После отделения Штатов, во время работы которых регентша выдвинула на первый план умеренную политику по отношению к реформаторам, 5 февраля 1561 года двор остановился в Фонтенбло, прежде чем предпринять новое путешествие в Реймс для коронации Карла IX. Пока шла церемония, новый герцог Орлеанский, по особому распоряжению регентши, стоял в первом ряду, впереди всех пэров Франции. Она попросила коннетабля Монморанси уступить свое место молодому принцу, но старый человек с тяжелым характером отказался. Тогда она объявила, что Монсеньор (так называли ближайших братьев монарха) будет занимать место выше всех пэров. Итак, Орлеанец встал рядом с королем и возложил ему на голову корону. Со своей обязанностью он справился легко и непринужденно. Представитель Елизаветы Английской, герцог Гетфорд, писал лорду Сесилю, что Орлеанец выглядел привлекательнее короля.

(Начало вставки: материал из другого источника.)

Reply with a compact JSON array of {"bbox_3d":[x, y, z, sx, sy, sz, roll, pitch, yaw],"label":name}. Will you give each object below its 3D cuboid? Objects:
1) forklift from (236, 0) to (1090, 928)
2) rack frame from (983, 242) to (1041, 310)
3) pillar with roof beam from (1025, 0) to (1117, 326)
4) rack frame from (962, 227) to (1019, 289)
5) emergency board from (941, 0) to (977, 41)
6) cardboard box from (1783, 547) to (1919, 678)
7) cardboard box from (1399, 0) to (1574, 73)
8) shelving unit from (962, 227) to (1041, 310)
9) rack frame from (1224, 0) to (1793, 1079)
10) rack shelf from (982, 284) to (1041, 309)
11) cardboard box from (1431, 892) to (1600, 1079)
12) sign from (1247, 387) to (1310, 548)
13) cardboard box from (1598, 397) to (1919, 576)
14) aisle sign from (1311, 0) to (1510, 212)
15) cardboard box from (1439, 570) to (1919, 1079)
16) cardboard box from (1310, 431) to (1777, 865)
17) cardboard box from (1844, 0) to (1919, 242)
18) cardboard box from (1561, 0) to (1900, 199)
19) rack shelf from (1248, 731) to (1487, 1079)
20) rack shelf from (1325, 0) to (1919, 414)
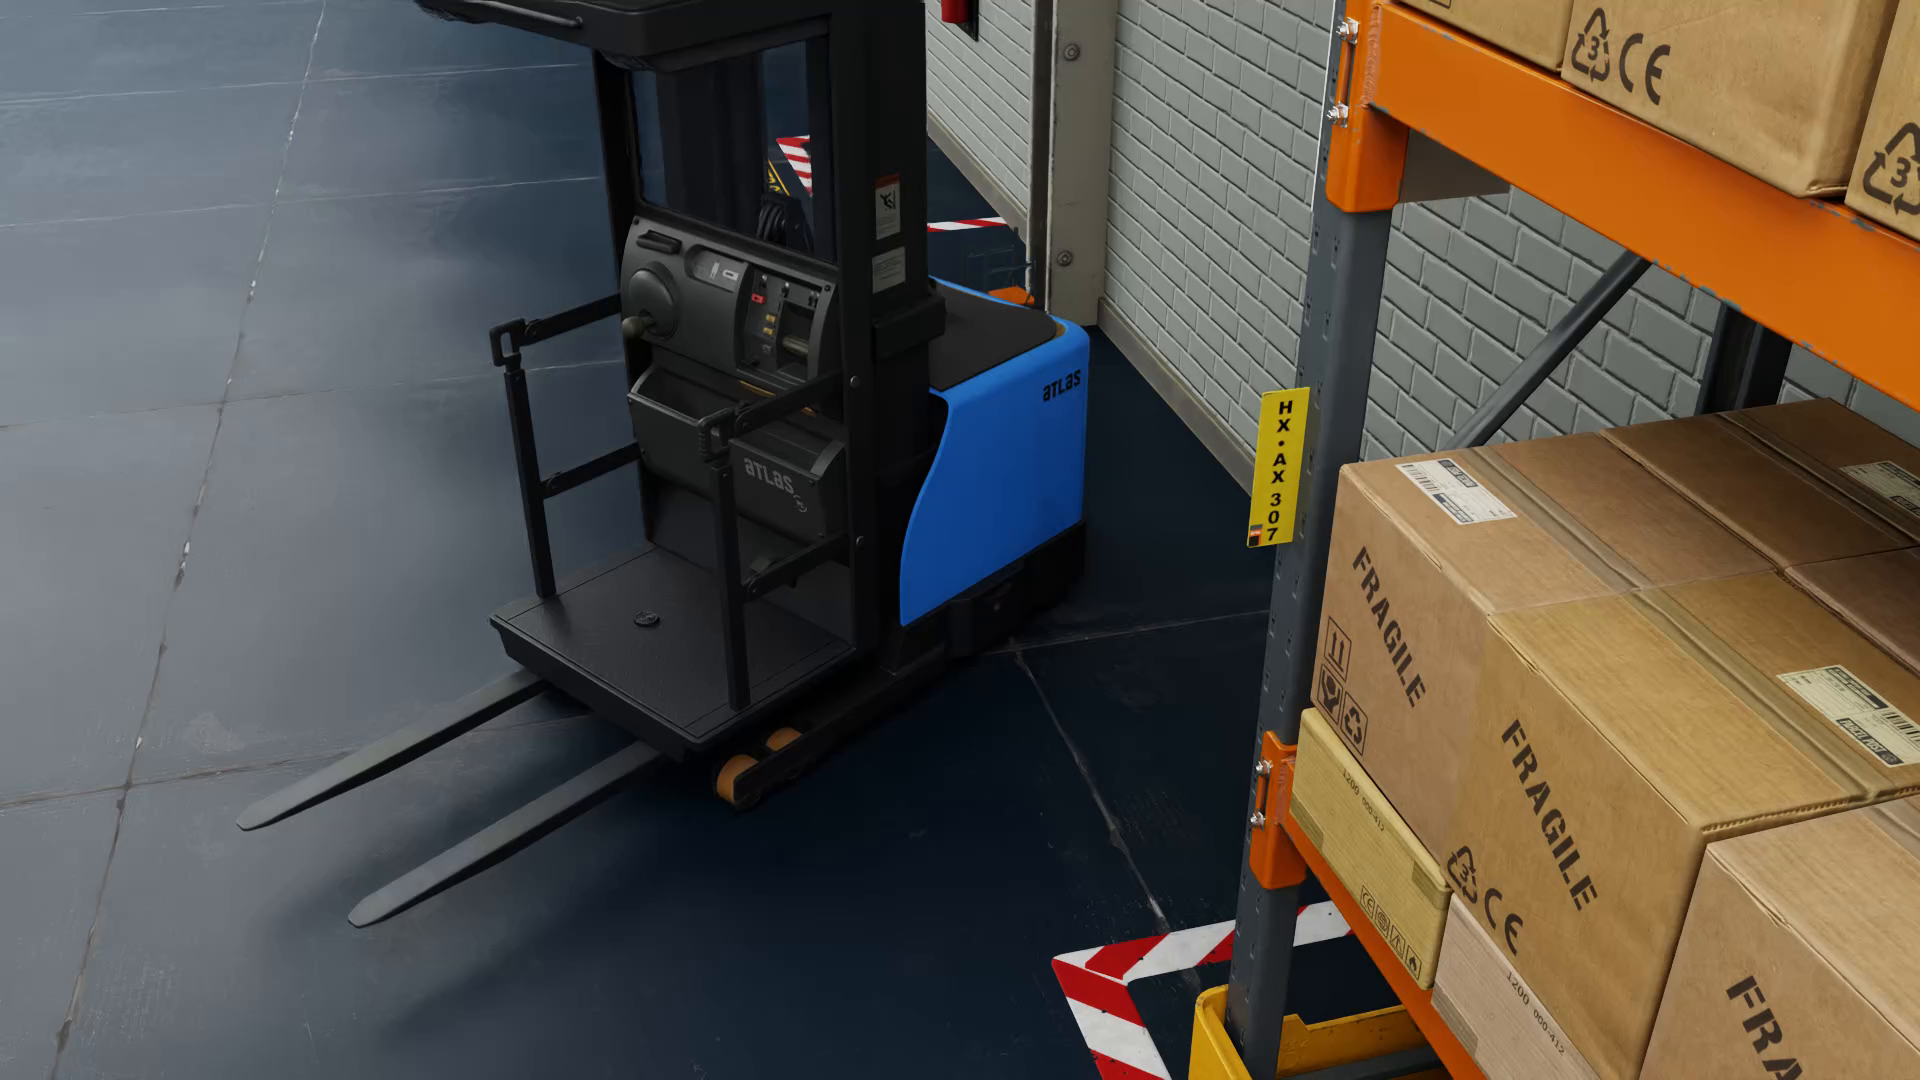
[{"bbox_3d":[-0.874,-0.706,5.043,1.130,2.935,3.031,24,38,35],"label":"forklift"},{"bbox_3d":[0.198,-0.586,6.565,0.240,1.200,0.006,-14,33,-22],"label":"rack frame"},{"bbox_3d":[-3.600,-4.530,5.593,9.100,9.000,0.400,-8,31,-13],"label":"pillar with roof beam"},{"bbox_3d":[0.118,-0.669,6.707,0.240,1.200,0.006,-14,33,-22],"label":"rack frame"},{"bbox_3d":[-0.069,-3.704,10.155,0.194,1.169,0.643,-8,31,-13],"label":"emergency board"},{"bbox_3d":[1.577,0.345,2.541,0.500,0.500,0.500,-7,31,-13],"label":"cardboard box"},{"bbox_3d":[0.971,-0.986,2.345,0.500,0.500,0.500,-7,31,-12],"label":"cardboard box"},{"bbox_3d":[0.158,-0.627,6.636,0.258,1.200,0.189,-14,33,-22],"label":"shelving unit"},{"bbox_3d":[1.123,0.169,3.463,1.000,3.000,0.127,-8,31,-13],"label":"rack frame"},{"bbox_3d":[0.158,-0.900,6.478,0.258,0.103,0.180,-14,33,-22],"label":"rack shelf"},{"bbox_3d":[1.098,0.752,2.586,0.500,0.250,0.500,-9,31,-15],"label":"cardboard box"},{"bbox_3d":[0.600,-0.133,3.122,0.100,0.325,0.005,-8,31,-13],"label":"sign"},{"bbox_3d":[1.453,0.100,2.964,0.500,0.500,0.500,-8,31,-14],"label":"cardboard box"},{"bbox_3d":[0.815,-0.951,2.803,0.394,0.787,0.004,-8,31,-13],"label":"aisle sign"},{"bbox_3d":[1.081,0.411,2.426,0.500,0.500,0.500,-8,31,-13],"label":"cardboard box"},{"bbox_3d":[0.960,0.171,2.841,0.500,0.500,0.500,-8,31,-13],"label":"cardboard box"},{"bbox_3d":[1.220,-0.472,1.457,0.500,0.500,0.500,-6,31,-11],"label":"cardboard box"},{"bbox_3d":[1.079,-0.722,1.889,0.500,0.500,0.500,-6,31,-10],"label":"cardboard box"},{"bbox_3d":[1.654,1.446,1.975,1.077,0.370,4.000,-8,31,-13],"label":"rack shelf"},{"bbox_3d":[1.654,0.148,1.223,1.077,0.370,4.000,-8,31,-13],"label":"rack shelf"}]
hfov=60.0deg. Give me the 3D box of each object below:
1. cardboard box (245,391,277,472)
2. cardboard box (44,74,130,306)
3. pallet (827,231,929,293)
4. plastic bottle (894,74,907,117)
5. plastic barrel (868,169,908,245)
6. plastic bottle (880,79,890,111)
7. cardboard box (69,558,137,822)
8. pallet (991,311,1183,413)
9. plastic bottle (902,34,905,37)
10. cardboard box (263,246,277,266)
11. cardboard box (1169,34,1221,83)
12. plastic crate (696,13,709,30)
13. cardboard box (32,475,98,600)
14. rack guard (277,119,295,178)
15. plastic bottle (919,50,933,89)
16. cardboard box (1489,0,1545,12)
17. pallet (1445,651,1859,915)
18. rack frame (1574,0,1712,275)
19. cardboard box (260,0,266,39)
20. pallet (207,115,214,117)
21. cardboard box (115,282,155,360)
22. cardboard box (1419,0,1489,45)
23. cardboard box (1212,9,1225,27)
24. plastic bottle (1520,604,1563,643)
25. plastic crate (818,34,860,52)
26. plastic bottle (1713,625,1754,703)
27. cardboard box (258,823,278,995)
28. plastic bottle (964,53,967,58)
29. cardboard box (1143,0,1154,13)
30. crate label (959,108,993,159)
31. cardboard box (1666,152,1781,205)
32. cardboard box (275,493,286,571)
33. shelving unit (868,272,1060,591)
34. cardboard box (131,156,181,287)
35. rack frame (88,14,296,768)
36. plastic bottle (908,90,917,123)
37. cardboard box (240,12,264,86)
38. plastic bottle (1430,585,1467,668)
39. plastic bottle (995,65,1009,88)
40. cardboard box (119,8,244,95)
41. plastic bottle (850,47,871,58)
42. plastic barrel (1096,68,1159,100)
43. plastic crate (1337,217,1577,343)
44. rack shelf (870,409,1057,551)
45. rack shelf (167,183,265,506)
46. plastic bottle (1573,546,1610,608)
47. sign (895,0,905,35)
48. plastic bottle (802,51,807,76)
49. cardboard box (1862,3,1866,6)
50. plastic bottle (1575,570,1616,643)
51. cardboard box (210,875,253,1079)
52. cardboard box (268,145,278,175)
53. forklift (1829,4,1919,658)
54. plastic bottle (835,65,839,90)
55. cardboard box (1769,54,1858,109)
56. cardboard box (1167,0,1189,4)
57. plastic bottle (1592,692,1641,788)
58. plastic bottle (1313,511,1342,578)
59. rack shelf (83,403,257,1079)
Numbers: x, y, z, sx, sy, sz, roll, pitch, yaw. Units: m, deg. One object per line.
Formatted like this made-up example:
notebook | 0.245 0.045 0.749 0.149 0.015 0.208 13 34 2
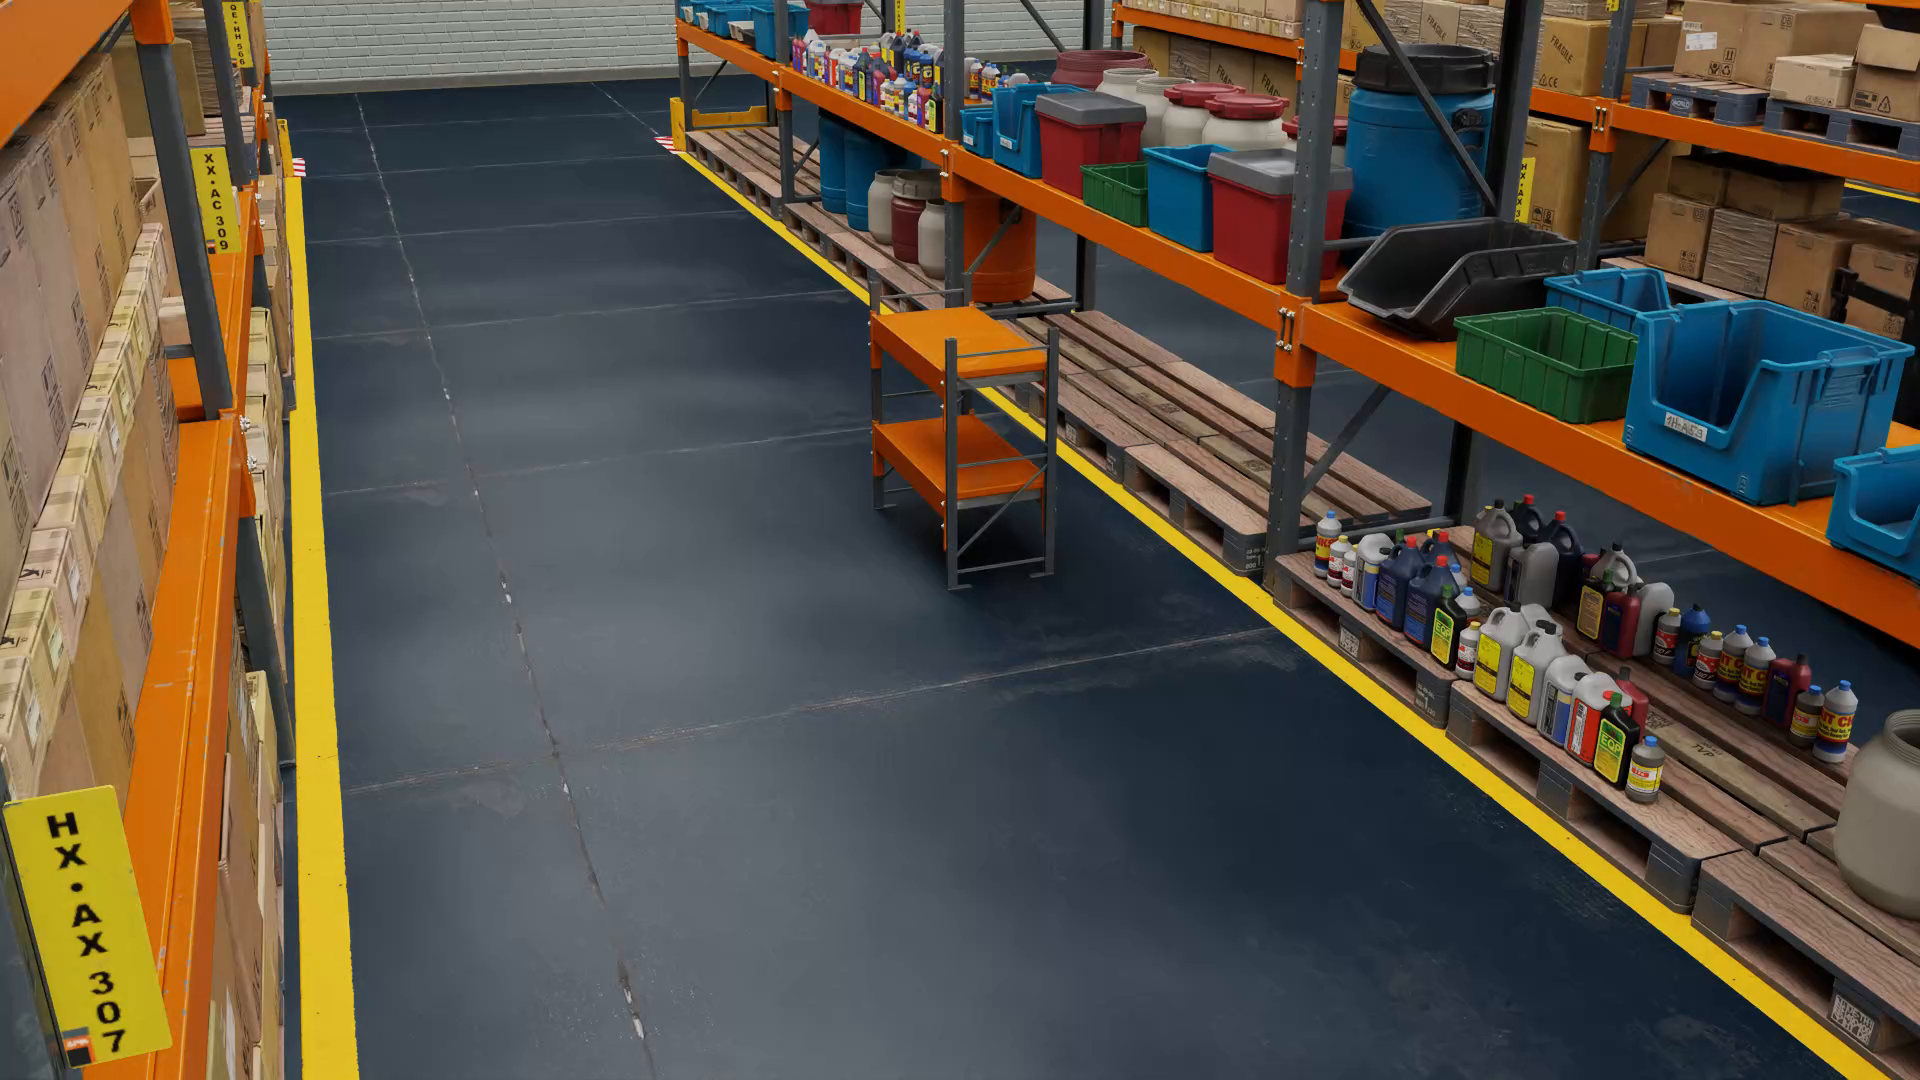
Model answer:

Монсеньор вновь появился в обществе на знаменитом собрании в Пуасси в сентябре 1561 года среди самых ярых поборников противоположных конфессий. Поскольку регентша и ее советники решительно отказались от жестокого подавления ереси, и не стоял вопрос использования методов Святой Инквизиции, разве нельзя было надеяться на примирение? Двор придавал этой встрече большое значение, несмотря на то, что не было ничего более иллюзорного, чем попытка объединить в ораторских состязаниях столь противоположные идеологии католицизма и кальвинизма. В сопровождении матери, братьев, сестры Маргариты, Карл IX открыл собрание и председательствовал на нем, будто речь шла о Генеральных Штатах. Католиков возмущало, что дети присутствуют на спорах о вере. Самый ярый из присутствующих ортодоксов, кардинал Турнонский, взбешенный речью Теодора де Бэза, слишком хорошо защищавшего положения кальвинистов, не удержался и сказал Екатерине: «…И вы потерпите, что такие ужасные вещи произносятся перед королем и вашими детьми в их нежном и невинном возрасте?» Казалось, королева-мать благосклонно прислушивалась к посулам реформаторов. Может быть, она думала, что будущее принадлежит реформе? Не хотела ли обеспечить себе возможность выбора? В 1561 году паруса Евангелия надувал попутный ветер. Съезд в Муасси, как вид официального признания реформаторской церкви, укрепил надежды гугенотов. Не подверглась ли Екатерина влиянию Теодора де Бэза и не уступила ли в какой-то мере его авторитету? Ученик Кальвина произвел на собрание очень сильное впечатление. Как признает в своих «Мемуарах» его противник Клод Агон, он «…всех переболтал, лицом и жестами привлекая сердца слушателей…». Екатерине, говорит он, видимо, «…очень понравилось…» его слушать, и на следующий день во время выступления кардинала Лотарингского она «очень по-дружески» заговорила с ним. Бэз сообщил Кальвину, что она подала ему большие надежды («spem mihi magnam fecit», писал он на латинском языке, которым пользовался для своей корреспонденции). В других письмах тому же Кальвину он упоминал о своих речах перед королевой, направленных на то, чтобы получить у королевского Совета согласие на благоприятное для реформаторов изменение законодательства.